Transforms of `agro`, `envo`, and `gaz` fail during post-processing

Knowledge-Graph-Hub / kg-obo

A package to transform all OBO ontologies into KGX TSV format and OBO json, and put the transformed graph in KGhub

https://knowledge-graph-hub.github.io/kg-obo/getting_started.html

GNU General Public License v3.0

28 stars 2 forks source link

Transforms of `agro`, `envo`, and `gaz` fail during post-processing #186

Open caufieldjh opened 1 year ago

caufieldjh commented 1 year ago

Describe the bug

The agro transform appears to go as expected, until it hits post-processing:

Transforming agro to tsv...
[KGX][cli_utils.py][    transform_source] INFO: Processing source 'agro.json'
INFO:kg-obo:No errors in parsing ['data/agro/2021-11-05/agro.json'].
Post-processing agro...
INFO:kg-obo:Post-processing agro...
Failed to remap node IDs - could not find corresponding nodes.
Failed post-processing agro...
INFO:kg-obo:Failed post-processing agro...
WARNING:kg-obo:Failed to transform agro

To Reproduce

python run.py --bucket kg-hub-public-data --save_local --get_only agro

Expected behavior

Post-processing for this OBO should update 4 CURIEs and write out the updated nodes file.

Version

efc2324f040d8daad14ffaaaa6e71583d6258117

caufieldjh commented 1 year ago

A clue - the CURIEs to be updated are all wikidata URLs and should get the prefix WIKIDATA:, but they get the prefix WD_Entity: instead.
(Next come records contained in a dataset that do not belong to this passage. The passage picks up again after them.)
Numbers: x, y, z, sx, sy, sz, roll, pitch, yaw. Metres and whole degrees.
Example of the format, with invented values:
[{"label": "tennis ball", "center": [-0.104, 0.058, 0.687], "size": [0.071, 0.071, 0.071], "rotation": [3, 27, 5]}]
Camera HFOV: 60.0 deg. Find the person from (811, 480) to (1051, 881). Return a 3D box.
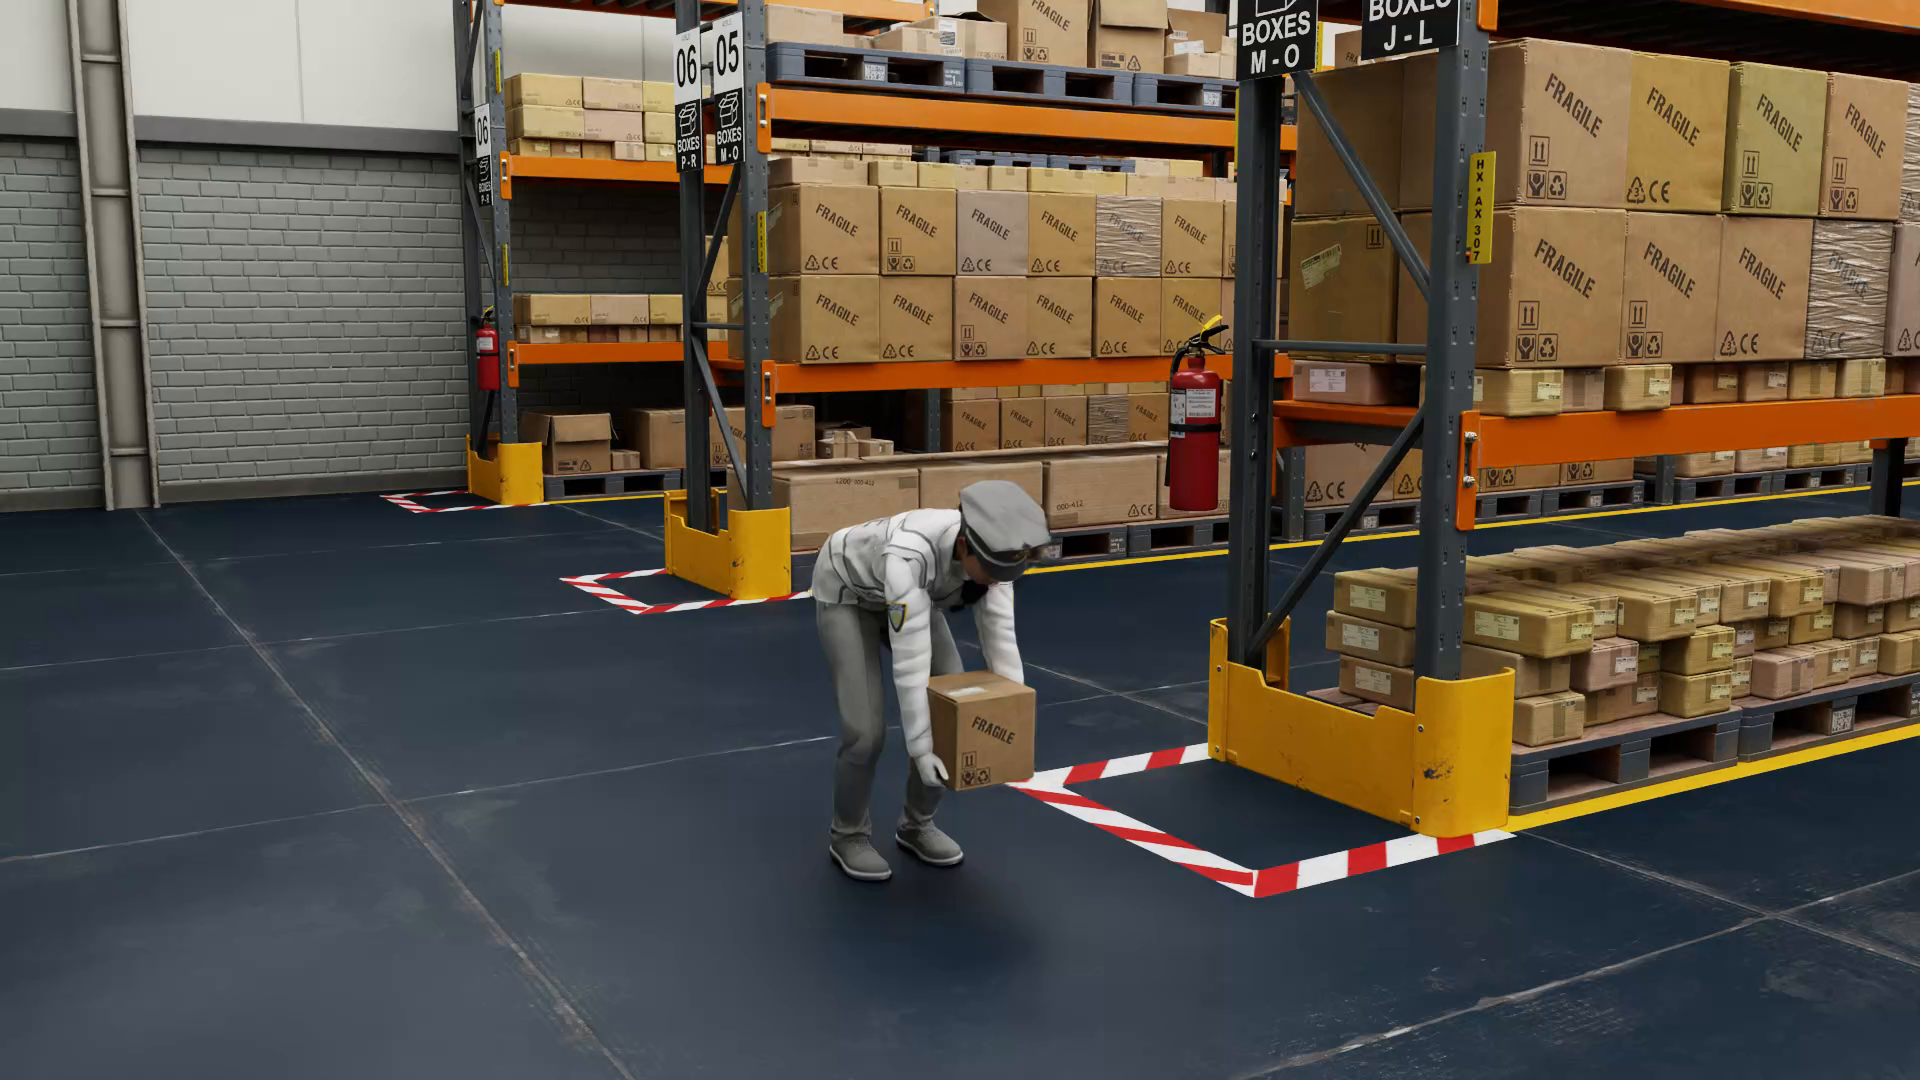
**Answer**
[{"label": "person", "center": [-0.088, 0.400, 4.729], "size": [0.433, 1.192, 0.908], "rotation": [-5, 10, -33]}]

Bioregistry knows about that alternate prefix but it isn't in the imported maps.

caufieldjh commented 1 year ago

The post-processing fails because KG-OBO finds prefixes it wants to rewrite, writes them to the update_id_maps.tsv, but then finds that the nodefile doesn't contain any of those nodes since they have been converted to WD_Entity: already.

caufieldjh commented 1 year ago

This is a conversion kgx is doing - transforming the obojson version also yields WD_Entity nodes:

kgx transform -i obojson -f tsv -o agro_test agro.json

This is true for both kgx 1.5.9 and 1.7.0.
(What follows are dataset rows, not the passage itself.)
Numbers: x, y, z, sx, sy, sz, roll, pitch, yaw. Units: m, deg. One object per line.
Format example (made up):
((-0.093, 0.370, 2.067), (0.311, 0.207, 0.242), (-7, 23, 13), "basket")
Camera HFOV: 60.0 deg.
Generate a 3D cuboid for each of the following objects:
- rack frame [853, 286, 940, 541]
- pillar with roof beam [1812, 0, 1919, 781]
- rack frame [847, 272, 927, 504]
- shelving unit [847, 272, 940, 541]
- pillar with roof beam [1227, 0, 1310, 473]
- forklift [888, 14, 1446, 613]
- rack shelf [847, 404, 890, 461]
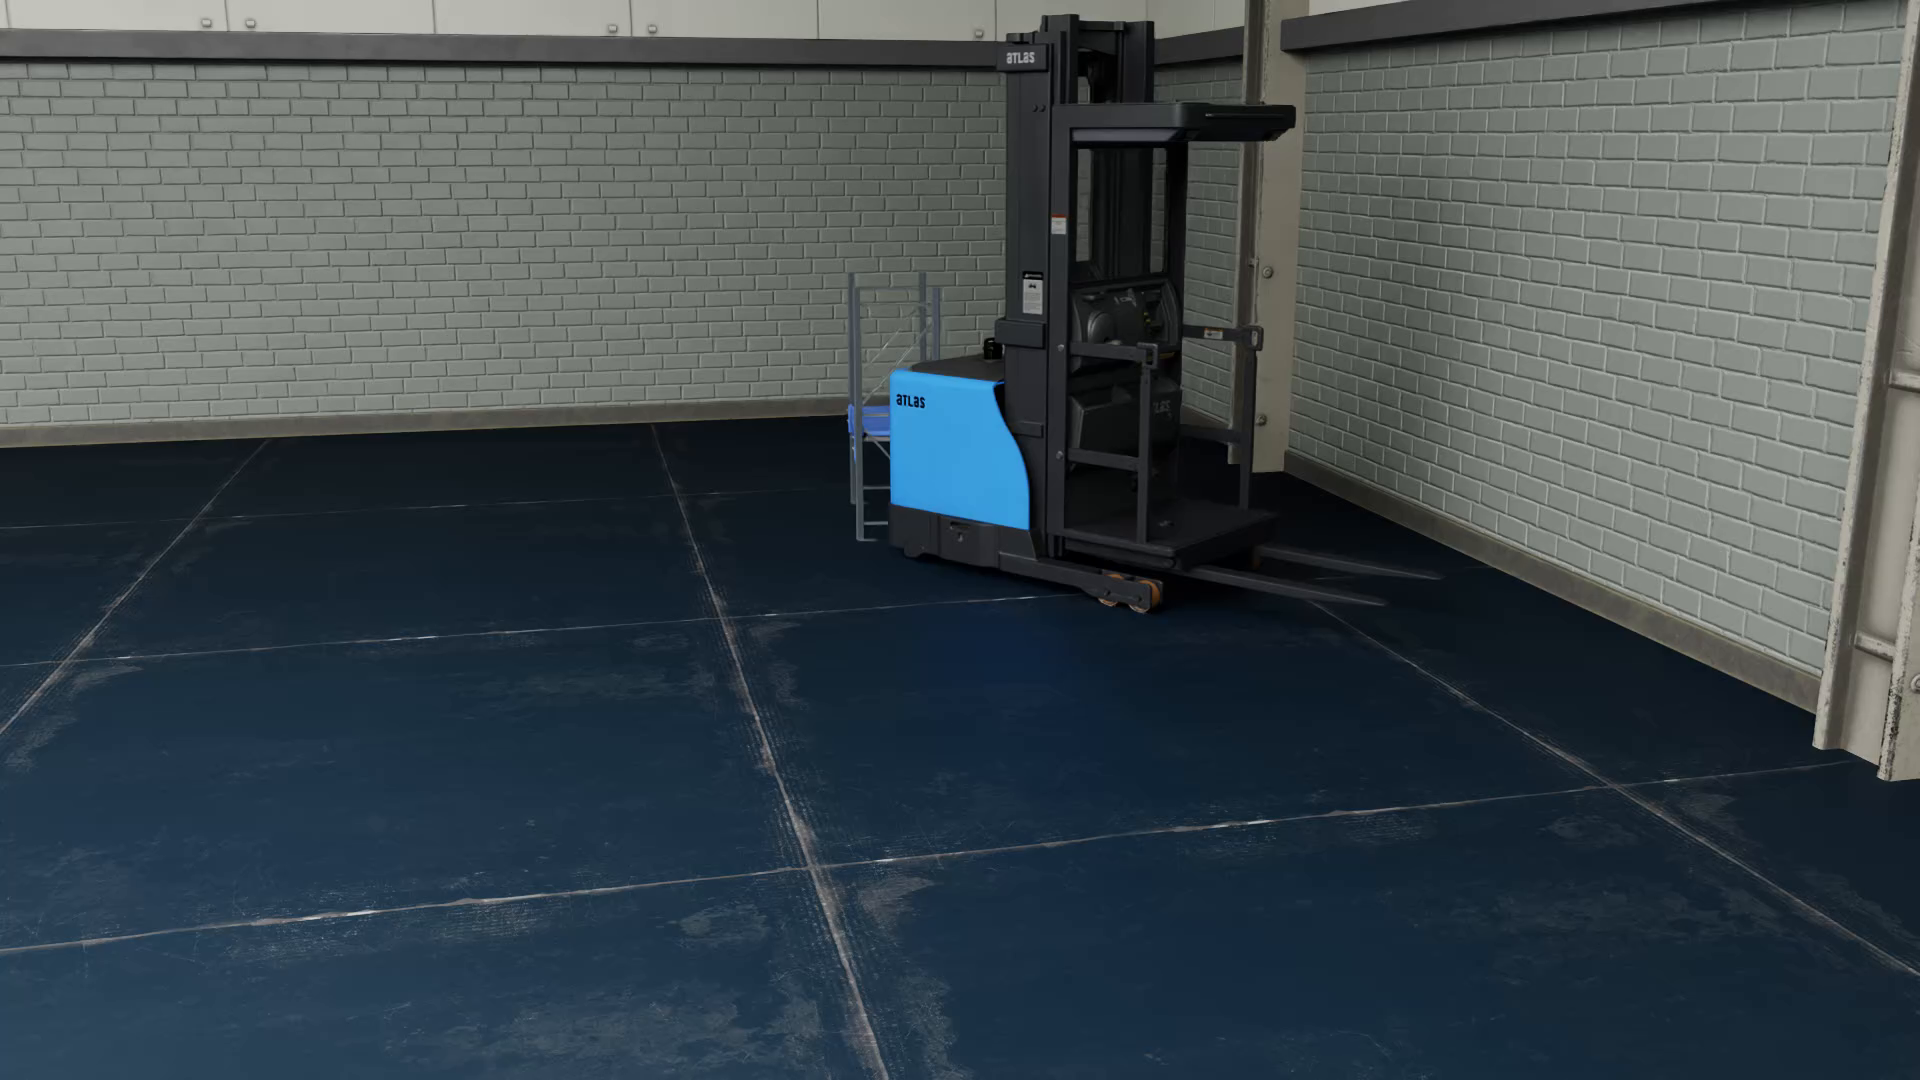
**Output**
((-0.367, -0.731, 9.761), (0.500, 1.500, 0.032), (-1, 14, -5), "rack frame")
((-0.610, -3.282, 4.398), (9.100, 9.000, 0.400), (-3, 14, -13), "pillar with roof beam")
((-0.466, -0.972, 10.744), (0.500, 1.500, 0.032), (-1, 14, -5), "rack frame")
((-0.416, -0.852, 10.252), (0.538, 1.500, 1.048), (-1, 14, -5), "shelving unit")
((-2.019, -4.666, 10.064), (9.100, 9.000, 0.400), (-3, 14, -13), "pillar with roof beam")
((1.038, -1.196, 8.646), (3.031, 2.935, 1.130), (11, 18, 39), "forklift")
((-0.416, -0.677, 10.295), (0.538, 0.185, 1.000), (-1, 14, -5), "rack shelf")

caufieldjh commented 1 year ago

So kgx is probably using the prefixcommons Monarch map: https://github.com/prefixcommons/prefixcommons-py/blob/master/prefixcommons/registry/monarch_context.jsonld#L151

caufieldjh commented 1 year ago

Essentially we need to deactivate the prefix maps handled by the kgx prefix manager (https://kgx.readthedocs.io/en/latest/reference/prefix_manager.html).

caufieldjh commented 1 year ago

The transform of envo has a nearly identical issue.

caufieldjh commented 1 year ago

Same with gaz.

caufieldjh commented 1 year ago

xco has a potentially related issue, though with MESH.

caufieldjh commented 1 year ago

The big workaround here is to just be less stringent about incomplete mappings. Right now, if we attempt to remap 2 nodes and 2 fail, we consider the whole transform failed, but if just 1 fails, it clears. The priority should be on having a transform; there may be 10000x as many perfectly prefixed nodes in there.